=== About this task ===
All that is needed is the line containing "date: 1894-1900" together with each line after it, transcribed exactly to the end of the records.

=== Stored data ===
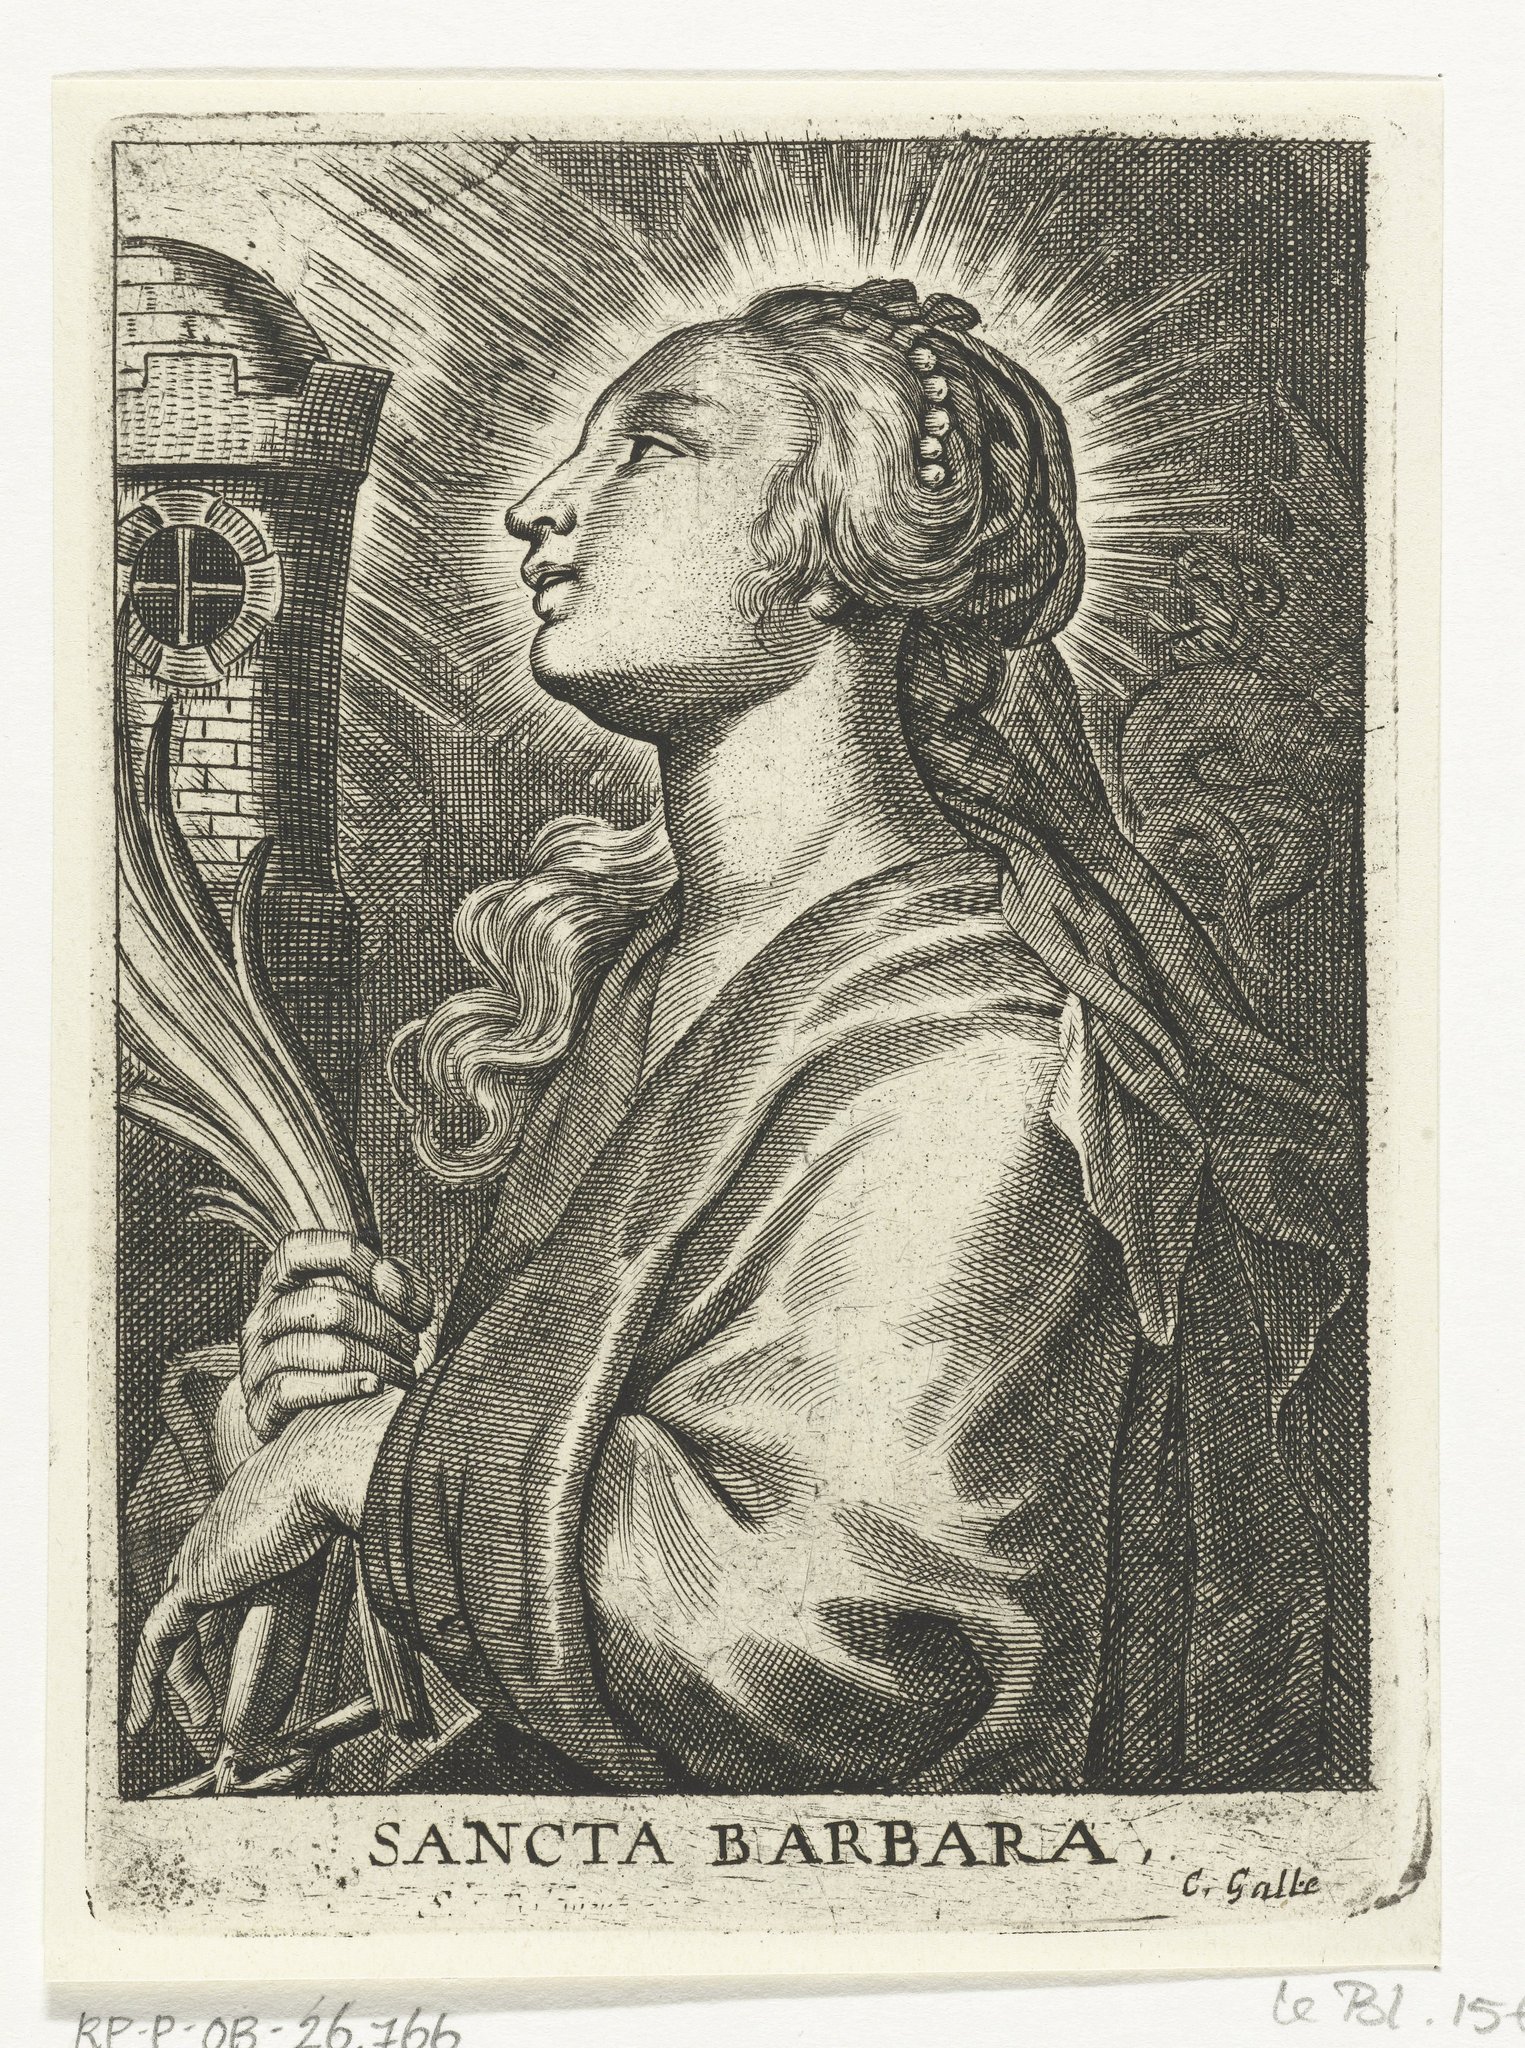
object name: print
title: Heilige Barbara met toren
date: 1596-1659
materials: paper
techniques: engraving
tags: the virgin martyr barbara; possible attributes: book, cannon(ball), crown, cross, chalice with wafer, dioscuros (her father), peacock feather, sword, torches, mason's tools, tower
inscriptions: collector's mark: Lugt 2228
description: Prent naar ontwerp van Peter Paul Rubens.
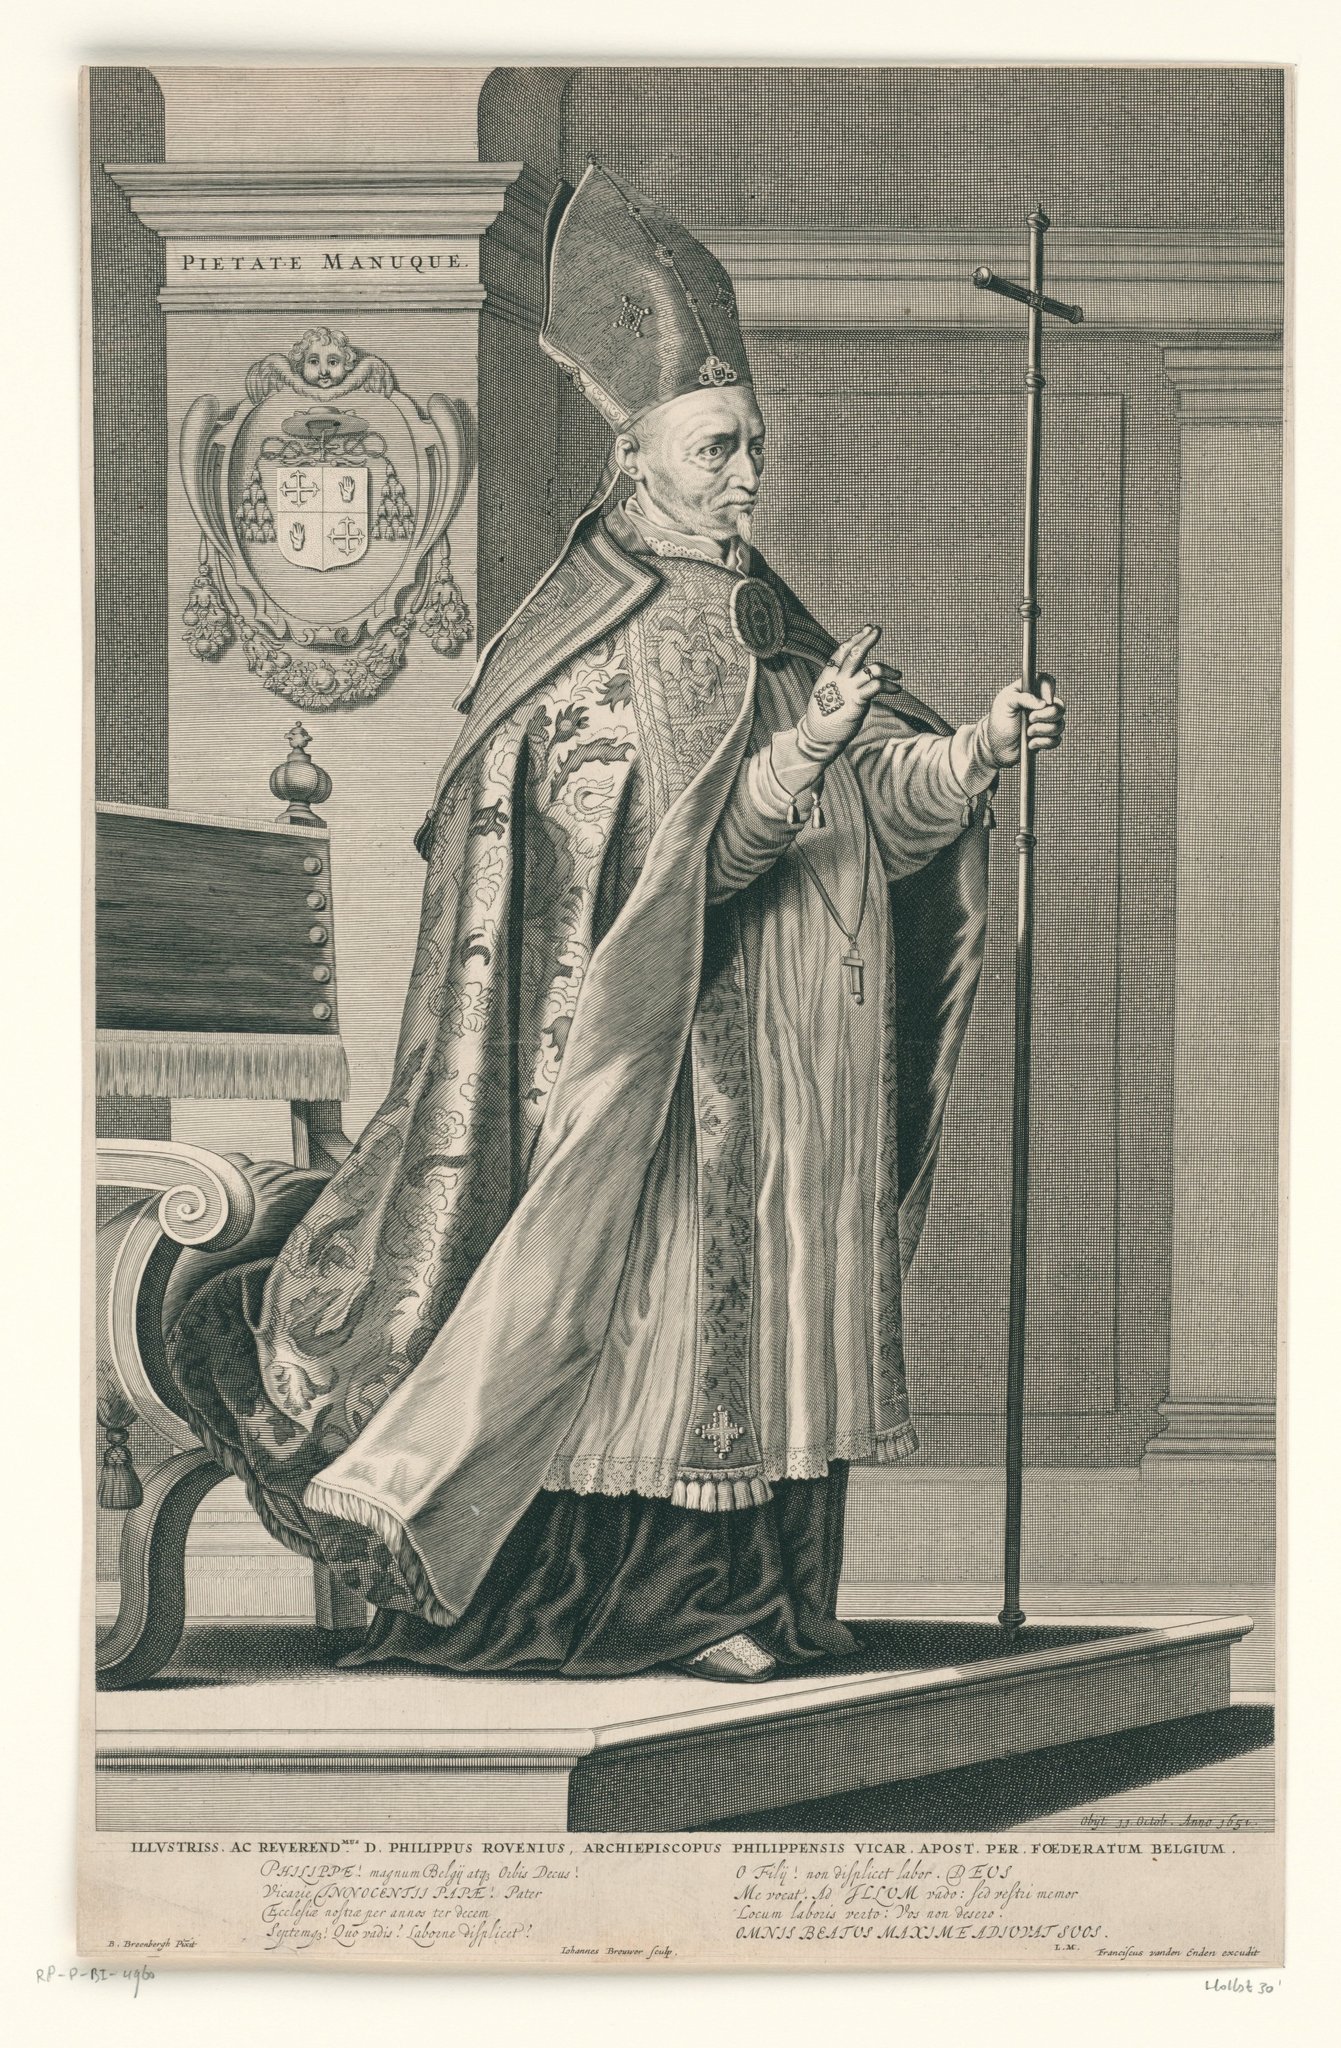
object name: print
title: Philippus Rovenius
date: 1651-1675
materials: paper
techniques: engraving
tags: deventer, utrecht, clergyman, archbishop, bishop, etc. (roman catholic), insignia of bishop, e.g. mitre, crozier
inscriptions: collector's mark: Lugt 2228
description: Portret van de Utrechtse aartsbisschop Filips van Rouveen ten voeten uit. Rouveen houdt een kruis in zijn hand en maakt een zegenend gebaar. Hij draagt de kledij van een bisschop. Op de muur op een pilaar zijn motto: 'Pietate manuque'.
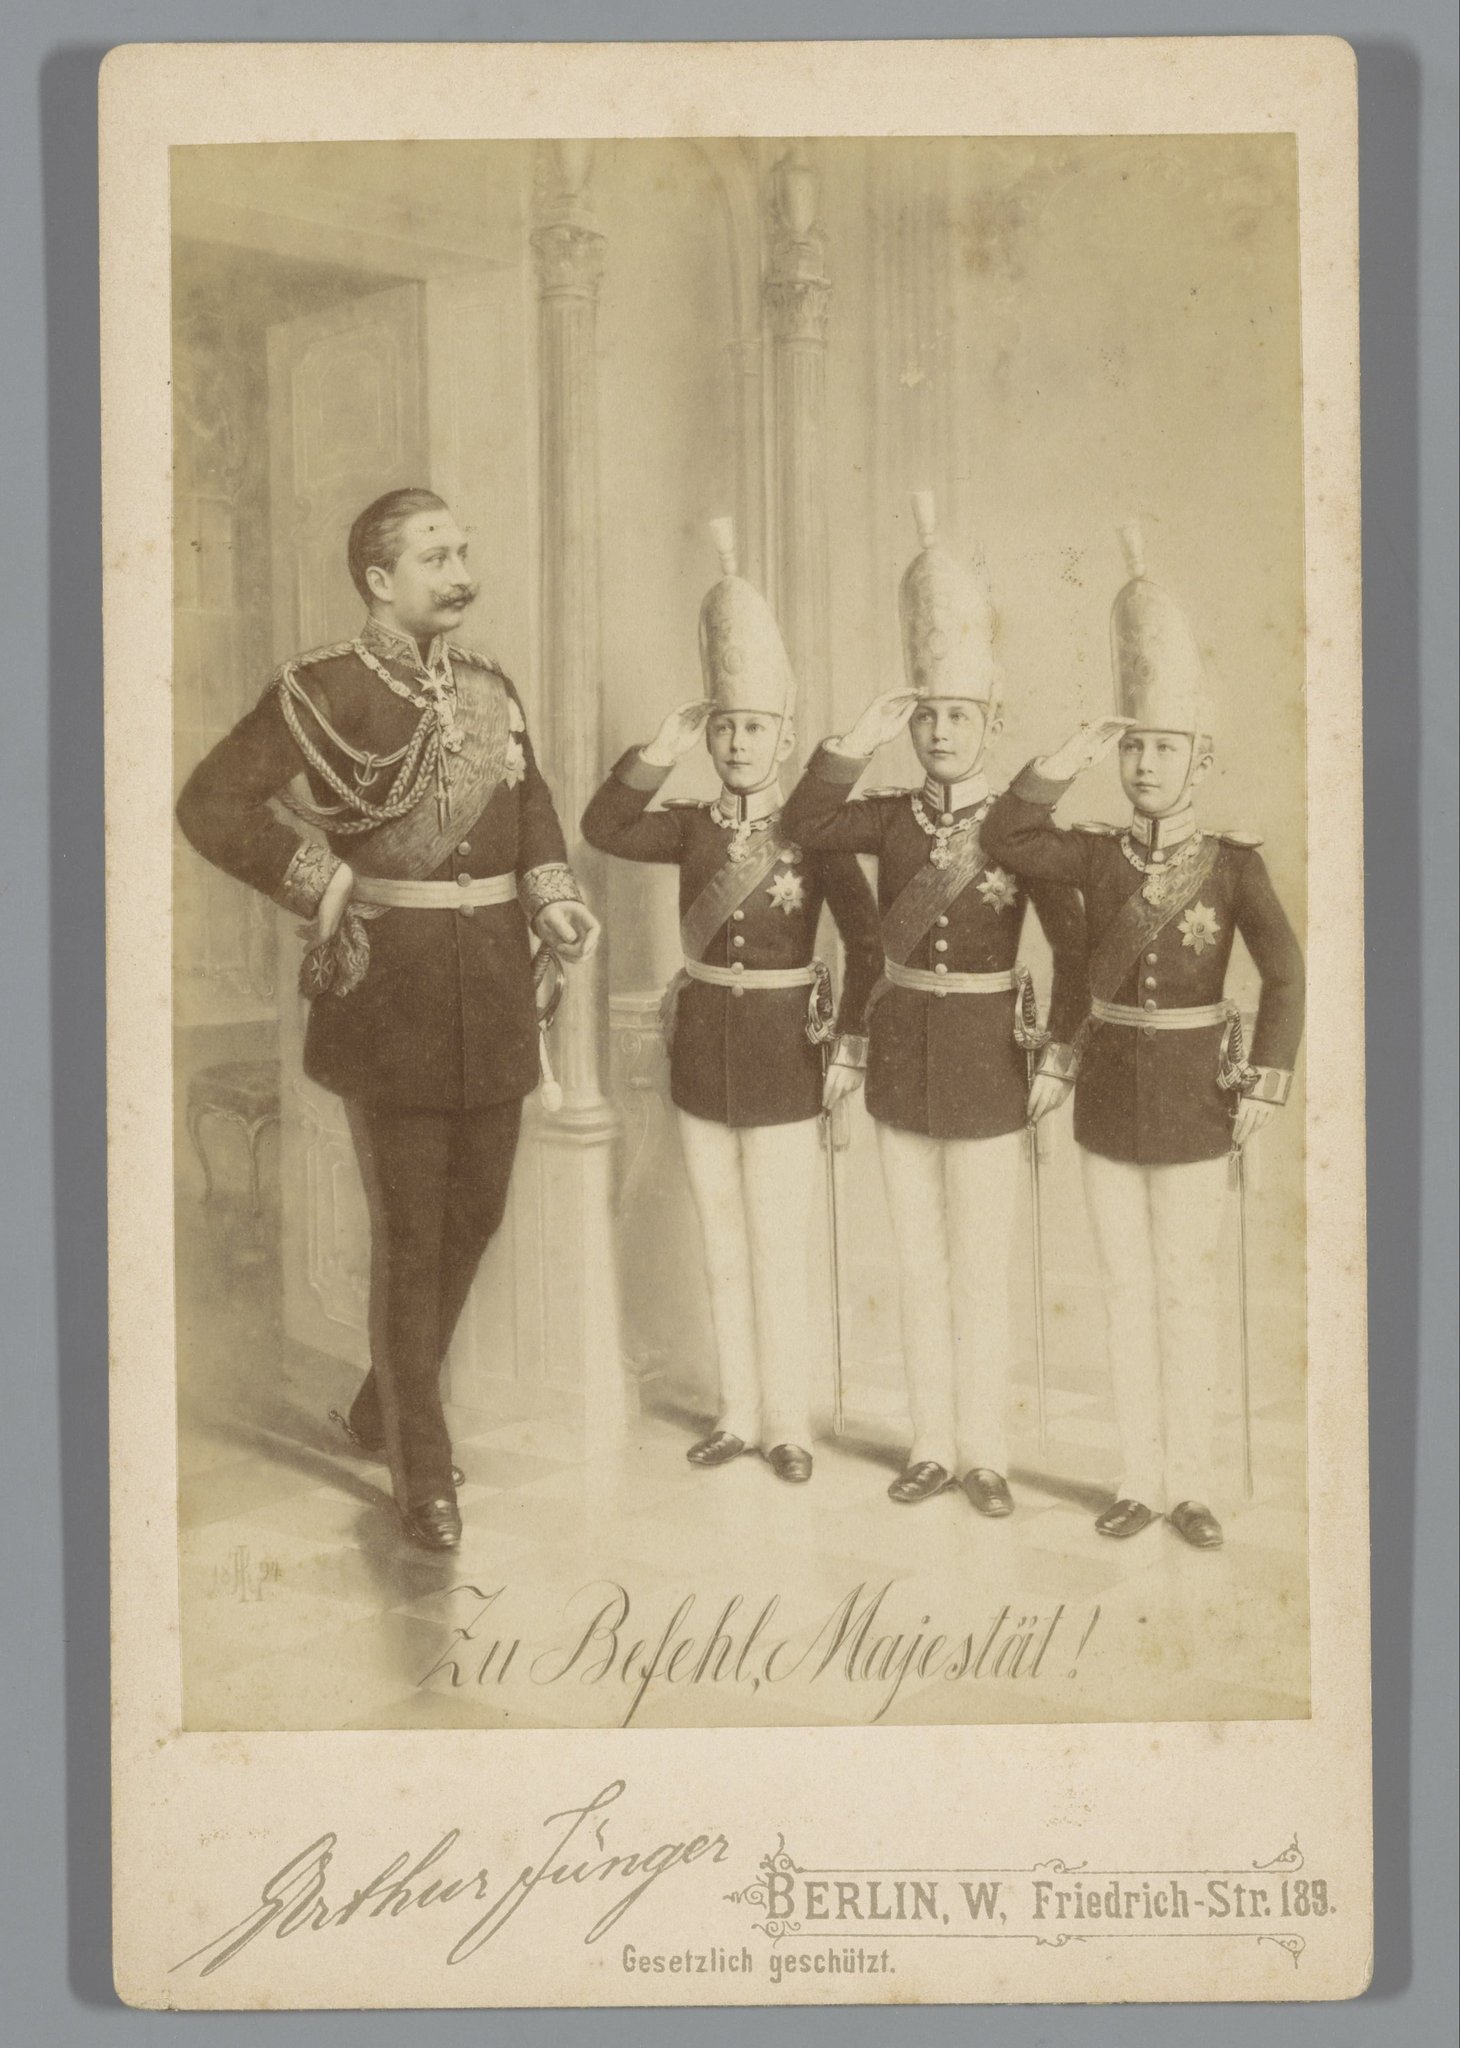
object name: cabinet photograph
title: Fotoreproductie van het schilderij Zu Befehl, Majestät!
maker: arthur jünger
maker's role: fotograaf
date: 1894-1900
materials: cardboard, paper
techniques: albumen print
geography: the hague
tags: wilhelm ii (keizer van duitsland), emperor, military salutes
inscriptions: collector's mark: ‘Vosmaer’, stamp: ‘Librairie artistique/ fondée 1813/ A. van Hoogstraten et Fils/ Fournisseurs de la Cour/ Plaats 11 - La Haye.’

=== Exercise result ===
date: 1894-1900
materials: cardboard, paper
techniques: albumen print
geography: the hague
tags: wilhelm ii (keizer van duitsland), emperor, military salutes
inscriptions: collector's mark: ‘Vosmaer’, stamp: ‘Librairie artistique/ fondée 1813/ A. van Hoogstraten et Fils/ Fournisseurs de la Cour/ Plaats 11 - La Haye.’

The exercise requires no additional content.